What the exercise asks :: When a line of the entries contains "Page", please list that line.

Start of Given entries

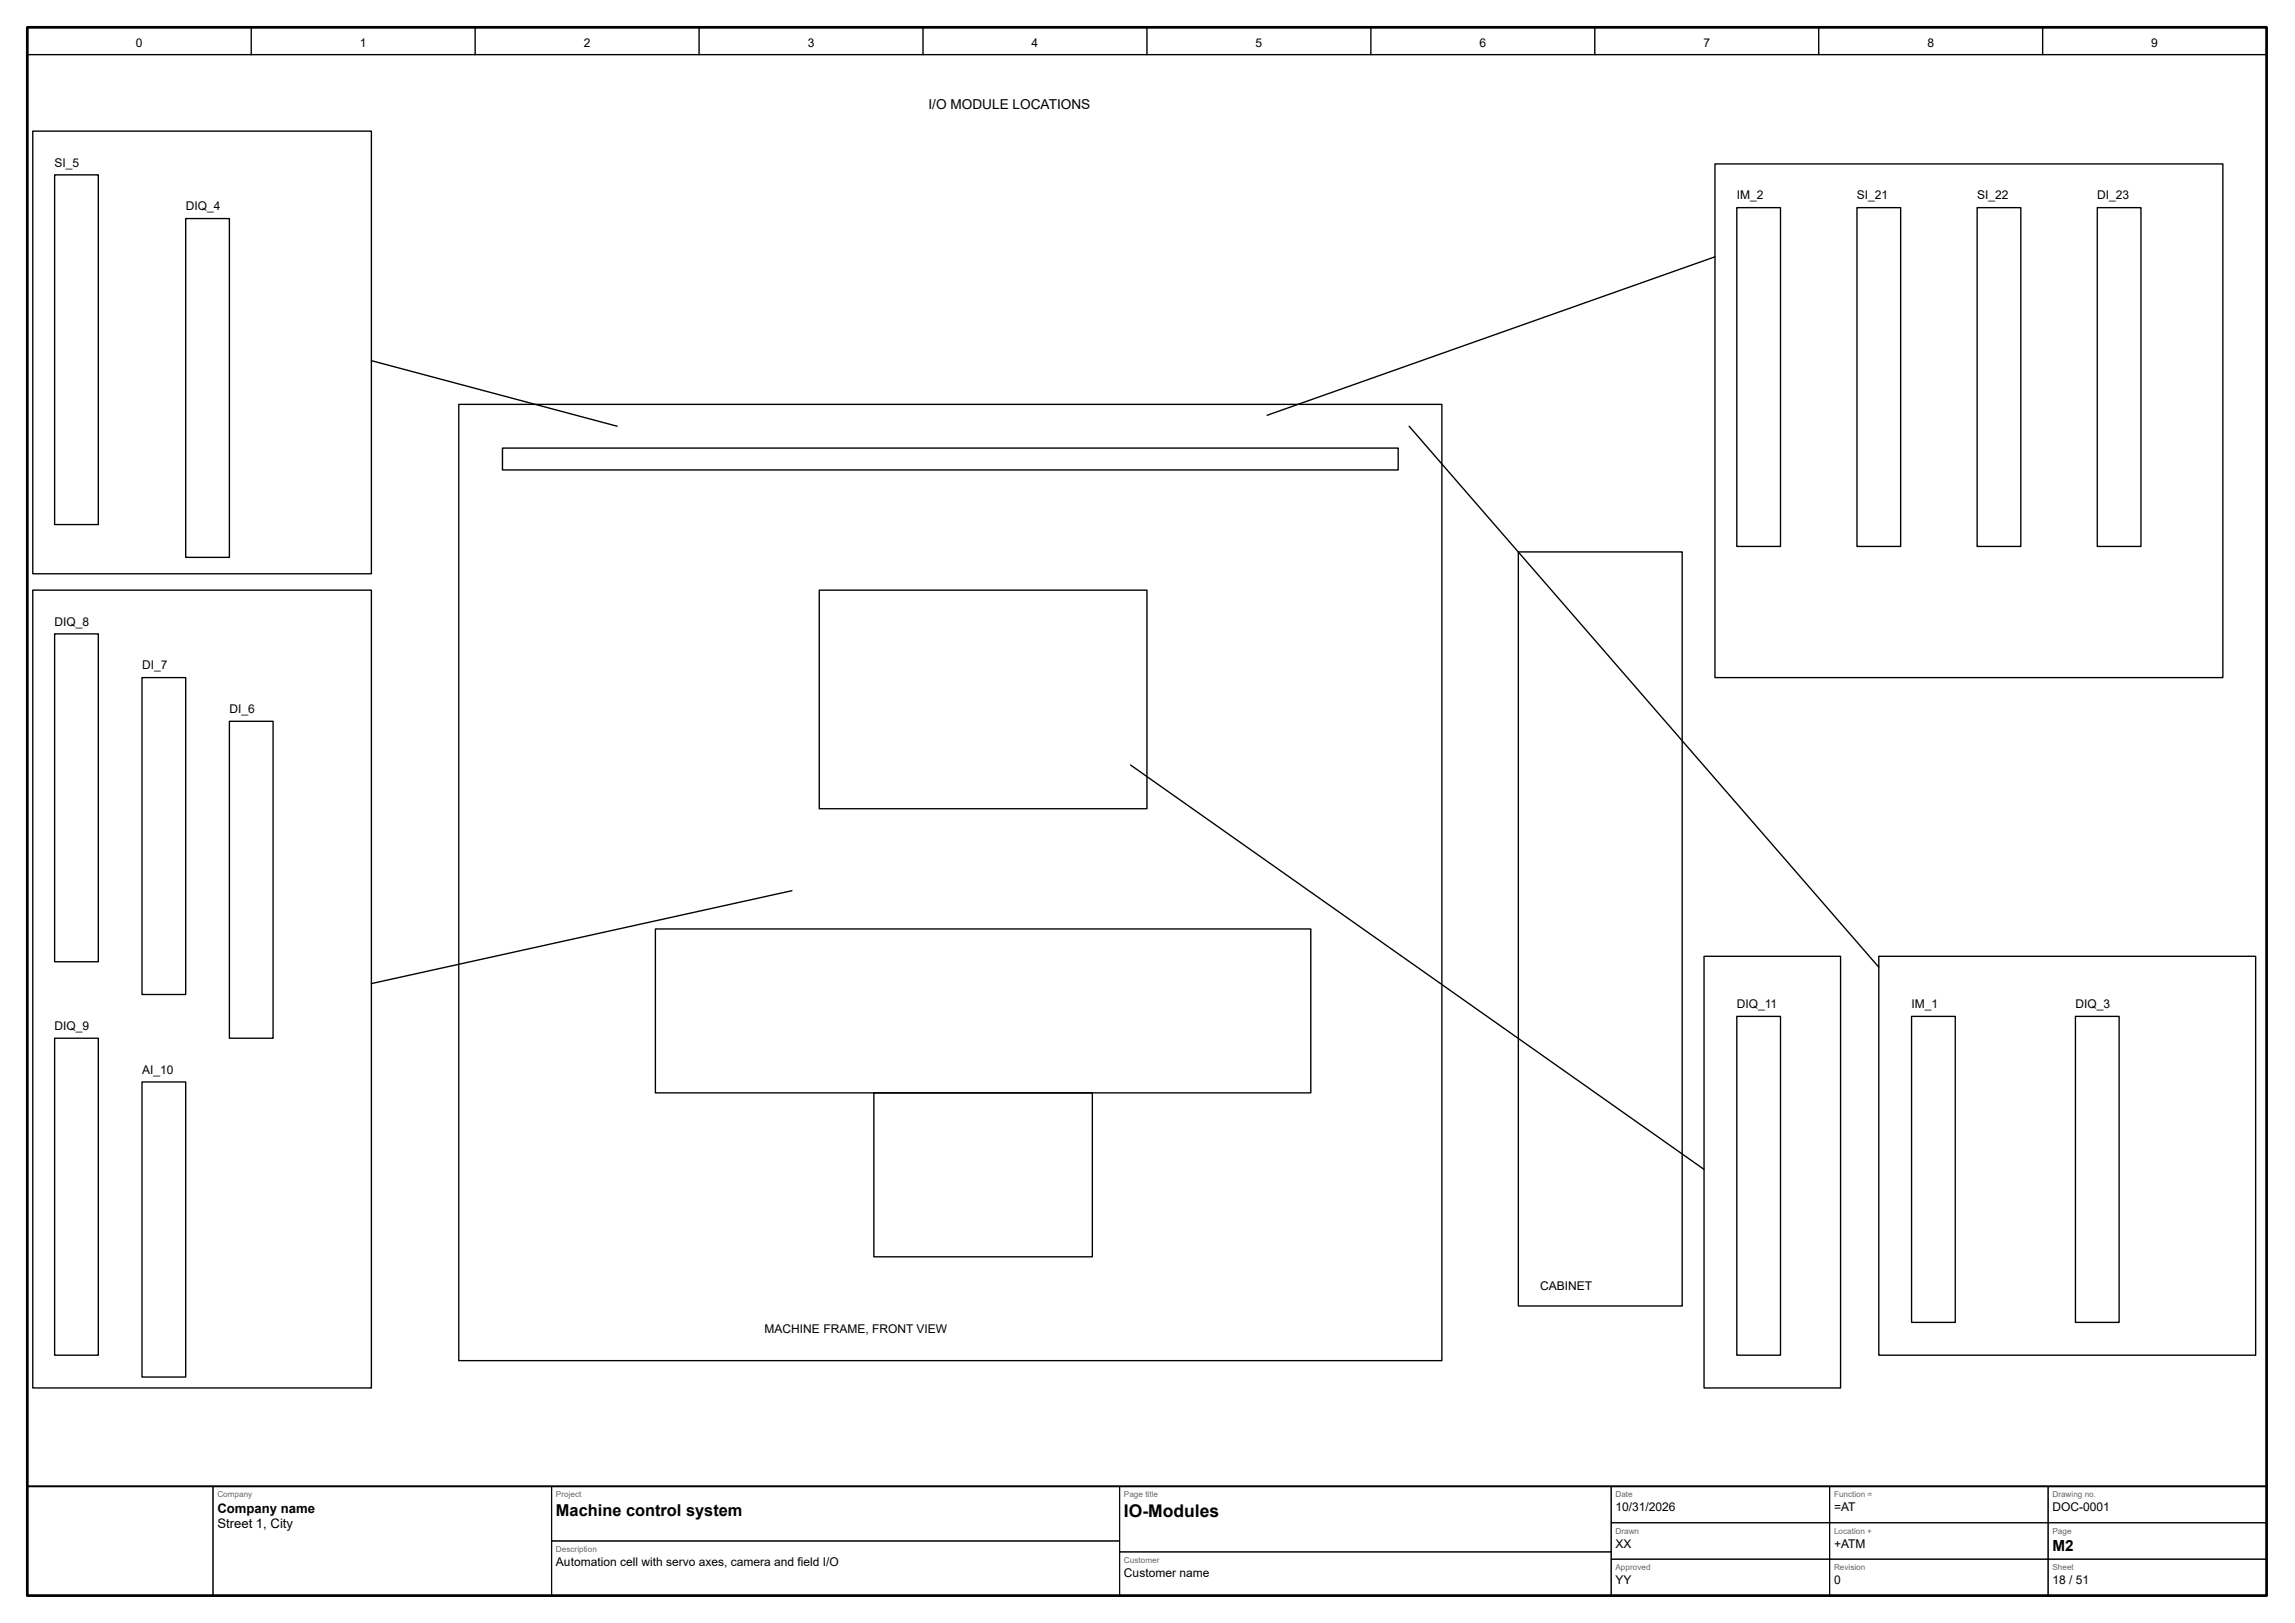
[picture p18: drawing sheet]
<svg xmlns="http://www.w3.org/2000/svg" width="420mm" height="297mm" viewBox="0 0 420 297" stroke-linecap="round" stroke-linejoin="round" font-family="sans-serif">
<defs><g id="words">
<text font-size="3.2" x="205.8" y="277.6">IO-Modules</text>
<text font-size="3" x="101.8" y="277.4">Machine control system</text>
<text font-size="2.8" x="375.8" y="283.9">M2</text>
<text font-size="2.5" x="170" y="20">I/O MODULE LOCATIONS</text>
<g font-size="2.4">
<text x="39.8" y="276.8">Company name</text>
<text x="39.8" y="279.6">Street 1, City</text>
</g>
<g font-size="2.2">
<text x="24.9" y="8.6">0</text>
<text x="65.9" y="8.6">1</text>
<text x="106.9" y="8.6">2</text>
<text x="147.9" y="8.6">3</text>
<text x="188.9" y="8.6">4</text>
<text x="229.9" y="8.6">5</text>
<text x="270.9" y="8.6">6</text>
<text x="311.9" y="8.6">7</text>
<text x="352.9" y="8.6">8</text>
<text x="393.9" y="8.6">9</text>
<text x="10" y="30.5">SI_5</text>
<text x="34" y="38.5">DIQ_4</text>
<text x="318" y="36.5">IM_2</text>
<text x="340" y="36.5">SI_21</text>
<text x="362" y="36.5">SI_22</text>
<text x="384" y="36.5">DI_23</text>
<text x="10" y="114.5">DIQ_8</text>
<text x="26" y="122.5">DI_7</text>
<text x="42" y="130.5">DI_6</text>
<text x="318" y="184.5">DIQ_11</text>
<text x="350" y="184.5">IM_1</text>
<text x="380" y="184.5">DIQ_3</text>
<text x="10" y="188.5">DIQ_9</text>
<text x="26" y="196.5">AI_10</text>
<text x="282" y="236">CABINET</text>
<text x="140" y="244">MACHINE FRAME, FRONT VIEW</text>
<text x="295.8" y="276.6">10/31/2026</text>
<text x="335.8" y="276.6">=AT</text>
<text x="375.8" y="276.6">DOC-0001</text>
<text x="101.8" y="286.6">Automation cell with servo axes, camera and field I/O</text>
<text x="295.8" y="283.3">XX</text>
<text x="335.8" y="283.3">+ATM</text>
<text x="205.8" y="288.6">Customer name</text>
<text x="295.8" y="289.9">YY</text>
<text x="335.8" y="289.9">0</text>
<text x="375.8" y="289.9">18 / 51</text>
</g>
<g font-size="1.5" fill="#666">
<text x="39.8" y="274">Company</text>
<text x="101.8" y="274">Project</text>
<text x="205.8" y="274">Page title</text>
<text x="295.8" y="274">Date</text>
<text x="335.8" y="274">Function =</text>
<text x="375.8" y="274">Drawing no.</text>
<text x="295.8" y="280.7">Drawn</text>
<text x="335.8" y="280.7">Location +</text>
<text x="375.8" y="280.7">Page</text>
<text x="101.8" y="284">Description</text>
<text x="205.8" y="286">Customer</text>
<text x="295.8" y="287.3">Approved</text>
<text x="335.8" y="287.3">Revision</text>
<text x="375.8" y="287.3">Sheet</text>
</g>
</g></defs>
<path d="M5 5h410v287h-410z" fill="none" stroke="#000" stroke-width=".5"/>
<g fill="none" stroke="#000" stroke-width=".25">
<path d="M5 10h410M46 5v5M87 5v5M128 5v5M169 5v5M210 5v5M251 5v5M292 5v5M333 5v5M374 5v5M6 24h62v81h-62zM10 32h8v64h-8z"/>
<path d="M314 30h93v94h-93zM318 38h8v62h-8zM340 38h8v62h-8zM362 38h8v62h-8zM384 38h8v62h-8zM34 40h8v62h-8zM314 47l-82 29M68 66l45 12M84 74h180v175h-180zM258 78l86 99M92 82h164v4h-164zM6 108h62v146h-62z"/>
<path d="M10 116h8v60h-8zM150 108h60v40h-60zM278 101h30v138h-30zM26 124h8v58h-8zM42 132h8v58h-8zM207 140l105 74M120 170h120v30h-120zM145 163l-77 17M312 175h25v79h-25zM344 175h69v73h-69zM10 190h8v58h-8zM26 198h8v54h-8z"/>
<path d="M160 200h40v30h-40zM318 186h8v62h-8zM350 186h8v56h-8zM380 186h8v56h-8z"/>
</g>
<path d="M5 272h410" fill="none" stroke="#000" stroke-width=".35"/>
<g fill="none" stroke="#000" stroke-width=".18">
<path d="M5 272h34v20h-34zM39 272h62v20h-62zM101 272h104v10h-104zM205 272h90v12h-90zM295 272h40v6.7h-40zM295 278.7h40v6.6h-40zM335 272h40v6.7h-40zM335 278.7h40v6.6h-40zM375 272h40v6.7h-40zM375 278.7h40v6.6h-40zM101 282h104v10h-104zM205 284h90v8h-90z"/>
<path d="M295 285.3h40v6.7h-40zM335 285.3h40v6.7h-40zM375 285.3h40v6.7h-40z"/>
</g>
<use href="#words"/>
</svg>

End of Given entries

Output for this exercise ::
<text x="205.8" y="274">Page title</text>
<text x="375.8" y="280.7">Page</text>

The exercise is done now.